--- DATASET ---

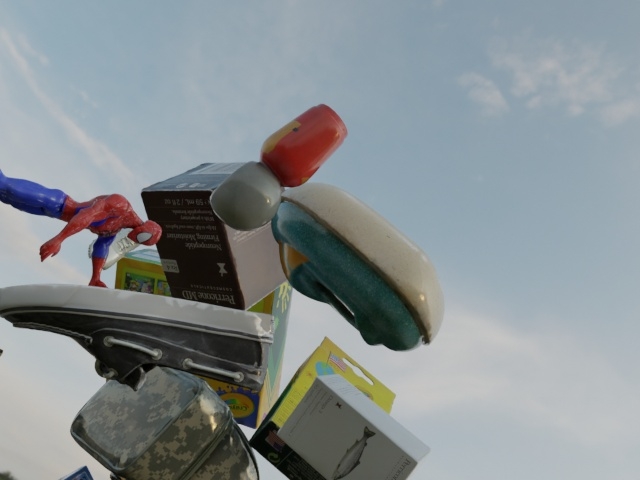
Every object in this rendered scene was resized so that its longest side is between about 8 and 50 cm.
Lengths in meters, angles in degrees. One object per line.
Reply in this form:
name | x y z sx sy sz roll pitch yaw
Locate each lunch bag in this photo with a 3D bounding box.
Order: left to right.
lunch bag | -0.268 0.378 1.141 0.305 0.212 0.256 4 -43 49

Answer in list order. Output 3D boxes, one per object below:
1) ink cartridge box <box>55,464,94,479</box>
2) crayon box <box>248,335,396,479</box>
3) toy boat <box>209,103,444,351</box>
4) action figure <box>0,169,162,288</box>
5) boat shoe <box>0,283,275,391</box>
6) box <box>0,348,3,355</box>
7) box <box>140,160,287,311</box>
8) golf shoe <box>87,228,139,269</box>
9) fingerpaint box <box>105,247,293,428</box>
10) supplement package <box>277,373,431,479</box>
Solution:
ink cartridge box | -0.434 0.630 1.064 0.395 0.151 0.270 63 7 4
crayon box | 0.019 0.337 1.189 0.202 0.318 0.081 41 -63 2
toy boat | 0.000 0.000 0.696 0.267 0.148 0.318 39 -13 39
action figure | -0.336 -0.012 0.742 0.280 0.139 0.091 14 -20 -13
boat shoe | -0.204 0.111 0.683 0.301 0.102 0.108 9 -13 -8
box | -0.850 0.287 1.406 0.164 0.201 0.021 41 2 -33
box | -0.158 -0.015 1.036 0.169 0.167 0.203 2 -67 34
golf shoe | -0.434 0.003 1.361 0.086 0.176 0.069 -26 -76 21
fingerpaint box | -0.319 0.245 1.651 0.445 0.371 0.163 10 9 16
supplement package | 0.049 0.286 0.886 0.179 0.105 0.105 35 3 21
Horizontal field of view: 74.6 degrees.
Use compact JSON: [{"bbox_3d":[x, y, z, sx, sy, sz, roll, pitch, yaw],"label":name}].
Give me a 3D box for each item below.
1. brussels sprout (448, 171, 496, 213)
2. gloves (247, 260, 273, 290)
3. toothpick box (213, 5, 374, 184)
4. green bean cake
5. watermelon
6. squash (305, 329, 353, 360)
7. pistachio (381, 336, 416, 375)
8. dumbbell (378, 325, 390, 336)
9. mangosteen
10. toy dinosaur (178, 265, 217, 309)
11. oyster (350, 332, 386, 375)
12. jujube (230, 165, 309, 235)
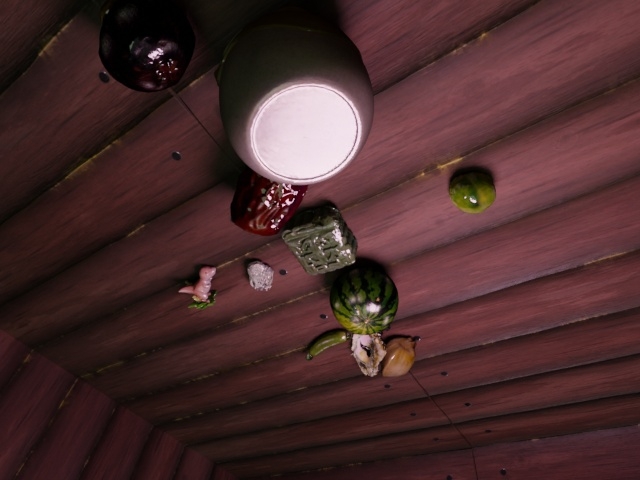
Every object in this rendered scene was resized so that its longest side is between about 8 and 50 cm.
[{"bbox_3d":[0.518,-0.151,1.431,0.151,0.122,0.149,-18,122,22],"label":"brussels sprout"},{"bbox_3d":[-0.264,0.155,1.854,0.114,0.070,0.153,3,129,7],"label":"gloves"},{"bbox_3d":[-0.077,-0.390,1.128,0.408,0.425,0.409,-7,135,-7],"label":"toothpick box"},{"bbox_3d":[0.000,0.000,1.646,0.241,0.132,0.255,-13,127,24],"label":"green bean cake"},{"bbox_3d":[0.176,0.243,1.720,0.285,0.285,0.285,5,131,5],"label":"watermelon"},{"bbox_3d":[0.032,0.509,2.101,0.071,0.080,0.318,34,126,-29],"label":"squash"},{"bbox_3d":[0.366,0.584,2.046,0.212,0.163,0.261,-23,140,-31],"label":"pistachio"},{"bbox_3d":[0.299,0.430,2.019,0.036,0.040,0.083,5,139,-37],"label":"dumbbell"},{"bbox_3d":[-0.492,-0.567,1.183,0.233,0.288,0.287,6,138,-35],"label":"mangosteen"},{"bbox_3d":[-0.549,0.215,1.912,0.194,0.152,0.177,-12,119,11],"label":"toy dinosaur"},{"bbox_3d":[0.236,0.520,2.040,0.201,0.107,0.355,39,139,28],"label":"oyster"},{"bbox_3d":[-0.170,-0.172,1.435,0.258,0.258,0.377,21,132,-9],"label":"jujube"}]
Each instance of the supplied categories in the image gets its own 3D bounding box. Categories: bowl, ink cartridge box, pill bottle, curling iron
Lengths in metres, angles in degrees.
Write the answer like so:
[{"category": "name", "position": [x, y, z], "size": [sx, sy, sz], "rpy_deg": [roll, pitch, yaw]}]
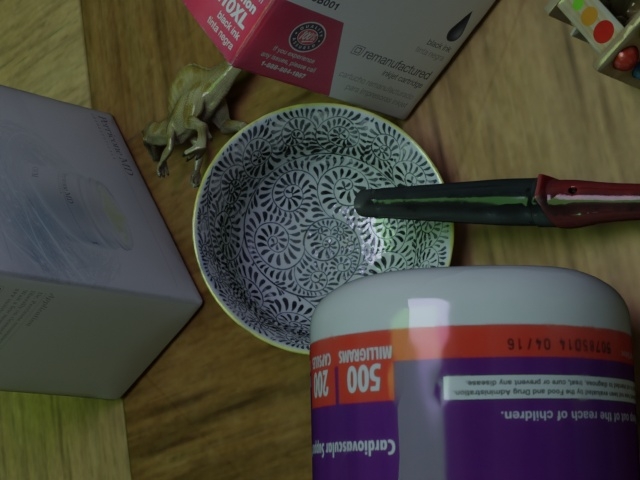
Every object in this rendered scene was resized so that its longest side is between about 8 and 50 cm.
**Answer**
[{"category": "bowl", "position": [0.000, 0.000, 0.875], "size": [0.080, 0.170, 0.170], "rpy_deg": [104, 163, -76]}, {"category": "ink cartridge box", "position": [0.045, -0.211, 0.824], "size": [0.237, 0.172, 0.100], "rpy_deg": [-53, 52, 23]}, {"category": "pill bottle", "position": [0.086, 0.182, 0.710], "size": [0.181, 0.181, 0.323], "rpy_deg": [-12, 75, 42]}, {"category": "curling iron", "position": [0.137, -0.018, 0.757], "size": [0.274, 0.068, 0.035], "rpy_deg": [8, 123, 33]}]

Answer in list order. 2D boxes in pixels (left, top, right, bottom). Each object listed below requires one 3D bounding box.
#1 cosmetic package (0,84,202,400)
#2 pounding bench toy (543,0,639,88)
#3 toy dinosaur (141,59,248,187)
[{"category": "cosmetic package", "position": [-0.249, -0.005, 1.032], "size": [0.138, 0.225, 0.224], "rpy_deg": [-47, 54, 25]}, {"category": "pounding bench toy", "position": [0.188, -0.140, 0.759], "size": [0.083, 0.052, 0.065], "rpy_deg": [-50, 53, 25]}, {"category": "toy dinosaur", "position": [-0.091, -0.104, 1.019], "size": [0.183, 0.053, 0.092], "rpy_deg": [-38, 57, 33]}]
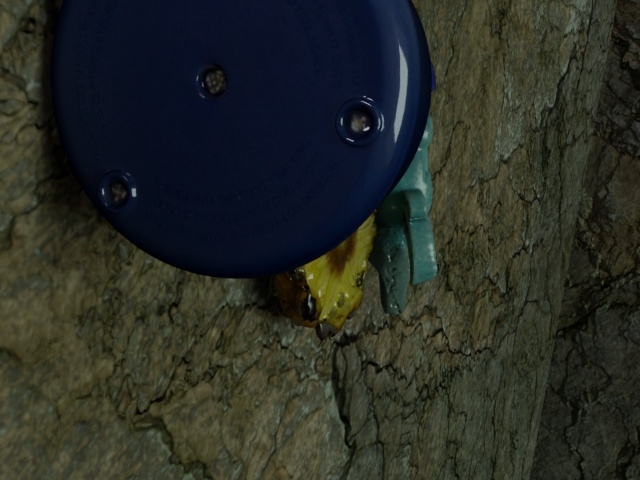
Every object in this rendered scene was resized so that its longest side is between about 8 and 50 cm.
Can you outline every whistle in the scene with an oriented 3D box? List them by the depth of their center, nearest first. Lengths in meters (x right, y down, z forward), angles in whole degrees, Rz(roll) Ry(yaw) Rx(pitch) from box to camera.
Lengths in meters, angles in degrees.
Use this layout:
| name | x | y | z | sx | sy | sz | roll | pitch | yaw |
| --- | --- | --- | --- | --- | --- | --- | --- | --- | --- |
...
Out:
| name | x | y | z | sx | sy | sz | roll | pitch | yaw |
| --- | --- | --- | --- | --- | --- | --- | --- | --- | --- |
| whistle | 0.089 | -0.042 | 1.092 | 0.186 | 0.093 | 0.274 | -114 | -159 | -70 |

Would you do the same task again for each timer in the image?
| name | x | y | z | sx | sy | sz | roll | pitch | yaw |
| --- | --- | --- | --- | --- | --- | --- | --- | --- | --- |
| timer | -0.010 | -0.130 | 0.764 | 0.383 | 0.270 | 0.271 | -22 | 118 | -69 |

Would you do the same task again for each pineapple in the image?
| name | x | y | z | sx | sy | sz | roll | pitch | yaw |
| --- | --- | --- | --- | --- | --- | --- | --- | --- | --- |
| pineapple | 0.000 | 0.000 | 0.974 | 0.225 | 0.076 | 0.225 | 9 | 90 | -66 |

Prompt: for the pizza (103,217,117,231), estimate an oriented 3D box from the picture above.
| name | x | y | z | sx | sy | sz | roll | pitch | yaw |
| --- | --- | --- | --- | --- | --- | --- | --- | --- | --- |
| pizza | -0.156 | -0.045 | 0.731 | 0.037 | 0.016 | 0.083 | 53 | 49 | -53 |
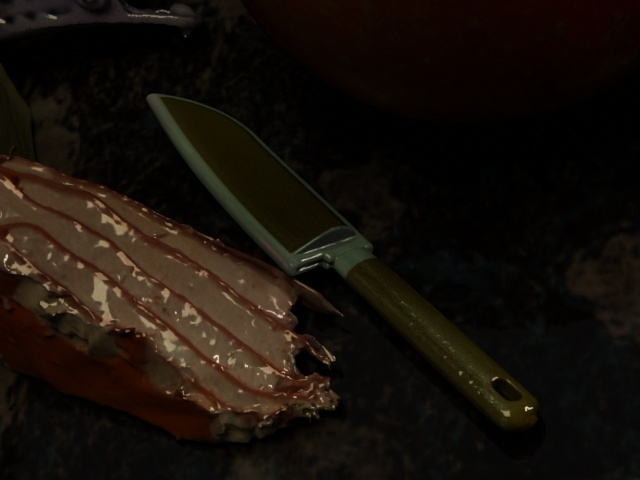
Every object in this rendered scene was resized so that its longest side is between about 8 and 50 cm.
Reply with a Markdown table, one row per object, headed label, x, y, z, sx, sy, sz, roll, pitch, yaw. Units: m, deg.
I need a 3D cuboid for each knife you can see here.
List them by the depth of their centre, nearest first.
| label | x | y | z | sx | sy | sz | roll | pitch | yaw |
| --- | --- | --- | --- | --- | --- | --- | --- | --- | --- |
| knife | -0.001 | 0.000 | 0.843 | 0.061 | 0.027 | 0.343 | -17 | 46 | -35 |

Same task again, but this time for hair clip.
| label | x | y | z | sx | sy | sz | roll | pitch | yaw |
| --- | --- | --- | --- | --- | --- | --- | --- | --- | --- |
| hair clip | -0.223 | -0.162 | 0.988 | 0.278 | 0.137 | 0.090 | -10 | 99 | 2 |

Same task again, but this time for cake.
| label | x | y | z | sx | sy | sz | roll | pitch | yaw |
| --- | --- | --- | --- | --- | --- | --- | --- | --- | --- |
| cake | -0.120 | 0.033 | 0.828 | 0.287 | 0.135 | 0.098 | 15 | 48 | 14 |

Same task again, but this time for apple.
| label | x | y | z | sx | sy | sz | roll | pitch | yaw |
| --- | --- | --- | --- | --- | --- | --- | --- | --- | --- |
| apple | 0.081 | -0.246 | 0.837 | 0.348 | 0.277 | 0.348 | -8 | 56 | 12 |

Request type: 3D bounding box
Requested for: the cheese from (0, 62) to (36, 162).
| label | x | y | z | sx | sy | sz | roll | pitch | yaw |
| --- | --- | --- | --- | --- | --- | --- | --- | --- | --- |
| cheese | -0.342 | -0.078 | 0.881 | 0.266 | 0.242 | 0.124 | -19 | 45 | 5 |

---
--- DATASET ---

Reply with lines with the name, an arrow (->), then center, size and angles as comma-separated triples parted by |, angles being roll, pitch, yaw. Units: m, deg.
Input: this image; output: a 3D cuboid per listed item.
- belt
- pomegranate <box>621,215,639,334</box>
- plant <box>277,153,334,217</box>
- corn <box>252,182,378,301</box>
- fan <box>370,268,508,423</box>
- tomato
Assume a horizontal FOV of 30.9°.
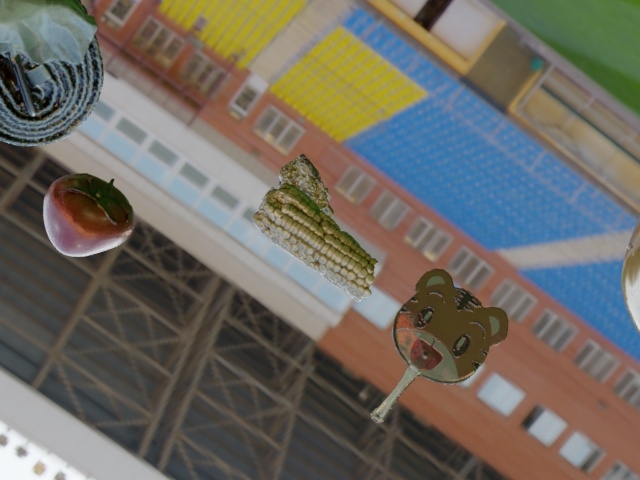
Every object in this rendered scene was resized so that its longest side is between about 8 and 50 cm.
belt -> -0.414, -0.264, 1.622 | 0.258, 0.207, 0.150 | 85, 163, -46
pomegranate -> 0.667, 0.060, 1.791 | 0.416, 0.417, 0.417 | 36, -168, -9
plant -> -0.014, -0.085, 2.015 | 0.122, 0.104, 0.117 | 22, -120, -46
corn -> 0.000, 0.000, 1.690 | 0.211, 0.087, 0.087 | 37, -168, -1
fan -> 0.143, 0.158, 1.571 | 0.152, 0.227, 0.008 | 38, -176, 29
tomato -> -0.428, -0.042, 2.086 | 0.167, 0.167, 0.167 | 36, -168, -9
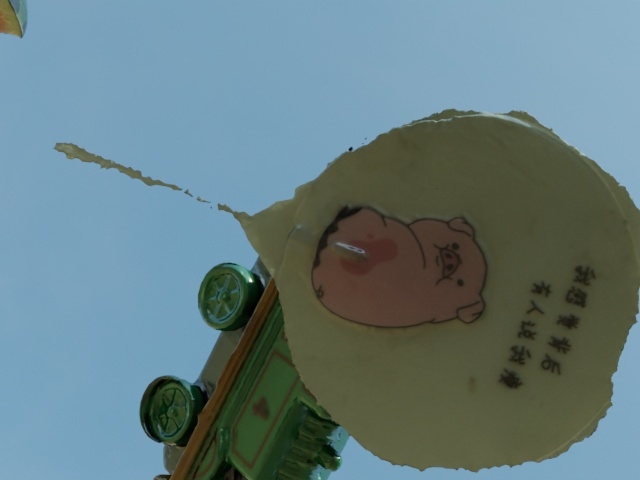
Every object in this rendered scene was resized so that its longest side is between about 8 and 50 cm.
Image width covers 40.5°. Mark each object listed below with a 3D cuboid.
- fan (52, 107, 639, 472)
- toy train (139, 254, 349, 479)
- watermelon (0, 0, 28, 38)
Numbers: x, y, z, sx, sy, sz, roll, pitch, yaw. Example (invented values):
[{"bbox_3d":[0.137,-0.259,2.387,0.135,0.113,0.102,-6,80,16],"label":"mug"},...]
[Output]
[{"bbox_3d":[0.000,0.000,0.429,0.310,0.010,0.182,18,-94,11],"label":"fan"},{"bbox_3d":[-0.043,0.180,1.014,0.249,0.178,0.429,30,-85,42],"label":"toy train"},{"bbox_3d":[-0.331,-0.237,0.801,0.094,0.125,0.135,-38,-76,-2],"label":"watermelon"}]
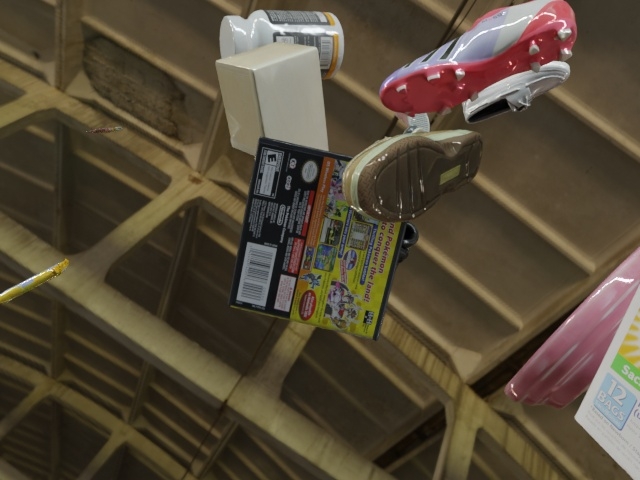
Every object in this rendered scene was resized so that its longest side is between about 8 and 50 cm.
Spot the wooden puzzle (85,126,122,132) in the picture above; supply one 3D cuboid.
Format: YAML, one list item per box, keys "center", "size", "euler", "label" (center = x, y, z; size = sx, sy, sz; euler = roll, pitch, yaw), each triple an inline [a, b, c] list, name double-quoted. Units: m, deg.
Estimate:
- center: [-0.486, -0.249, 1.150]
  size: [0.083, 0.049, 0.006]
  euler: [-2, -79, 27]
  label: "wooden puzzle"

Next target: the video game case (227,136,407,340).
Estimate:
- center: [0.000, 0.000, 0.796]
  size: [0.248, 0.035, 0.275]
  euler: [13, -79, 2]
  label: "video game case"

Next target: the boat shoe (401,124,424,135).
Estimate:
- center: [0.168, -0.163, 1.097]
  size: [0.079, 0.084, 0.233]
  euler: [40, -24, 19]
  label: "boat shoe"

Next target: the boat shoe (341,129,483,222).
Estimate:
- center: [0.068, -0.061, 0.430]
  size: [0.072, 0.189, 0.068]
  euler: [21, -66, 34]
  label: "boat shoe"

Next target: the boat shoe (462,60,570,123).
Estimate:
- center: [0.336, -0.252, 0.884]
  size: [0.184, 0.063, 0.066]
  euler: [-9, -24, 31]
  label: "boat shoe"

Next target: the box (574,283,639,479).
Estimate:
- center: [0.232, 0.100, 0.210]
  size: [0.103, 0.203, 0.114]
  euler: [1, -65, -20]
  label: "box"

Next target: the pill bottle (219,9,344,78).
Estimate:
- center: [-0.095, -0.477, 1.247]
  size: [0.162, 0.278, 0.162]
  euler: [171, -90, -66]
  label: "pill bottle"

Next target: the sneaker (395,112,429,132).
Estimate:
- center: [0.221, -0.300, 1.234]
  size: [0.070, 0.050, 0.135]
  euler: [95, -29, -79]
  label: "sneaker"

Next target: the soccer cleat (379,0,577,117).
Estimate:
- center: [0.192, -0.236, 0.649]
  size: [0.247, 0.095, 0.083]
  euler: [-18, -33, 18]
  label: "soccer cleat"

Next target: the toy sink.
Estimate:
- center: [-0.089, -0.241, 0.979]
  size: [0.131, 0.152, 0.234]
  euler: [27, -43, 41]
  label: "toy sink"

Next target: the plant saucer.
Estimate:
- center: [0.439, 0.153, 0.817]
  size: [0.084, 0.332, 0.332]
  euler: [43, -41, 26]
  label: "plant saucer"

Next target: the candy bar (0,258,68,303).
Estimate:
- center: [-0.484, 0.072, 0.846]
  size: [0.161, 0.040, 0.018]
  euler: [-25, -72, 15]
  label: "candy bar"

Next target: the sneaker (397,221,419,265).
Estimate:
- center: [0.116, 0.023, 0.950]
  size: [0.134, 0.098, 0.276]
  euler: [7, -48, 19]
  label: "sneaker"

---

PROBLEM TO WORK ON
Of the entries listed above, reproduce only the lines starting at the line containing "7. pistachio (381, 336, 416, 375)" and ending at the line containing "12. jujube (230, 165, 309, 235)". Include both, exactly as they stand.

ANSWER TO THE EXERCISE
7. pistachio (381, 336, 416, 375)
8. dumbbell (378, 325, 390, 336)
9. mangosteen
10. toy dinosaur (178, 265, 217, 309)
11. oyster (350, 332, 386, 375)
12. jujube (230, 165, 309, 235)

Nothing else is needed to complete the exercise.